American sports executive (1936–2020)

John H. Krumpe (January 26, 1936 – March 22, 2020) was an American sports executive who was CEO of the Madison Square Garden Corporation, New Jersey Sports and Exposition Authority, and Javits Center and president of the New York Racing Association, New York Rangers, New York Knicks, and New York Islanders.

==Early life==
Krumpe was born on January 26, 1936, on Staten Island. He graduated from Curtis High School and Dartmouth College, where he majored in history and was a member of the football, basketball, rugby, and baseball teams. In 1959 he graduated from the New York University School of Business. Krumpe began his business career with Union Carbide, however, he soon left to join the New York Racing Association's accounting department.

==NYRA==
In 1960, Krumpe joined the New York Racing Association as an accountant.

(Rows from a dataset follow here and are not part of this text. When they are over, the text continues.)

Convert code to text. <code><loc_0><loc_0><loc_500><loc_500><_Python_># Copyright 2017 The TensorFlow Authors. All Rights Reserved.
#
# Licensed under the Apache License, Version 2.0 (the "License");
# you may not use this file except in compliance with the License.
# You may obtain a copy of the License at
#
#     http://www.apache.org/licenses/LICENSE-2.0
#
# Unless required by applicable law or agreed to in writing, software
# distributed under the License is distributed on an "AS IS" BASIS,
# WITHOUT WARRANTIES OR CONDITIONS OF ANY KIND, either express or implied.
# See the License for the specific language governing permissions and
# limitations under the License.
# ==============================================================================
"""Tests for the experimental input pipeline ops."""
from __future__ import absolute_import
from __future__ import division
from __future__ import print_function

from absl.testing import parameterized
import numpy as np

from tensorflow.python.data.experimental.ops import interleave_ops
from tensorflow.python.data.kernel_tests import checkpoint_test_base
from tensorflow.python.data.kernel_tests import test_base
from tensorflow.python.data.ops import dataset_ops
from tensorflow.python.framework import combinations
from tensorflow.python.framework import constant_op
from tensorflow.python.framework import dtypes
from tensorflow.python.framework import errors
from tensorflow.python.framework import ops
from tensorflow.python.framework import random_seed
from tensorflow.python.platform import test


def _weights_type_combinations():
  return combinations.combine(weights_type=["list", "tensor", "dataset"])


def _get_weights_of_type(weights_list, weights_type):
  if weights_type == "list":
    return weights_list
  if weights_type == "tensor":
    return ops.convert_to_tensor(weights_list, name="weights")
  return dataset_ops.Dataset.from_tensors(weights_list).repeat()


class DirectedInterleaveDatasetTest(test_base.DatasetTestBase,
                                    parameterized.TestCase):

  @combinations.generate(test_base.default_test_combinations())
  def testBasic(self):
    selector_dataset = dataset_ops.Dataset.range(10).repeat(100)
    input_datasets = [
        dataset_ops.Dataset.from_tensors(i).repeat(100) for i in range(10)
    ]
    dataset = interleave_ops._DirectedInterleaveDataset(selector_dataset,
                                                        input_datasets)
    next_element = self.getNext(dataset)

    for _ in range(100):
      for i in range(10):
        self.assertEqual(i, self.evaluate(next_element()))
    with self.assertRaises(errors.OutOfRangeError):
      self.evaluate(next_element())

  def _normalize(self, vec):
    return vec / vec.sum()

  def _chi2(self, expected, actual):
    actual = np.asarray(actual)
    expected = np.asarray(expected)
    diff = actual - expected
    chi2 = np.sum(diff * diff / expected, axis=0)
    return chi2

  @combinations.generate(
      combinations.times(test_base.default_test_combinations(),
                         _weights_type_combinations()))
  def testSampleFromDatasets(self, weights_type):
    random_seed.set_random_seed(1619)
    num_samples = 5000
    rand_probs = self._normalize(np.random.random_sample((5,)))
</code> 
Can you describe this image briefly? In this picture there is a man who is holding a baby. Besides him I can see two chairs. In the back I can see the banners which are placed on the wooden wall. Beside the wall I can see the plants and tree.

He rose through the organization, as assistant director and later director of mutuels, vice president of mutuel operations, comptroller, and vice president in charge of operations. On July 13, 1972, he was named president of the NYRA, succeeding Frank M. Basil. He resigned as president on April 26, 1974, stating that the job was "no longer fun". He later added that he was frustrated with the state bureaucracy, which he believed had "no long term solutions to racing's problems".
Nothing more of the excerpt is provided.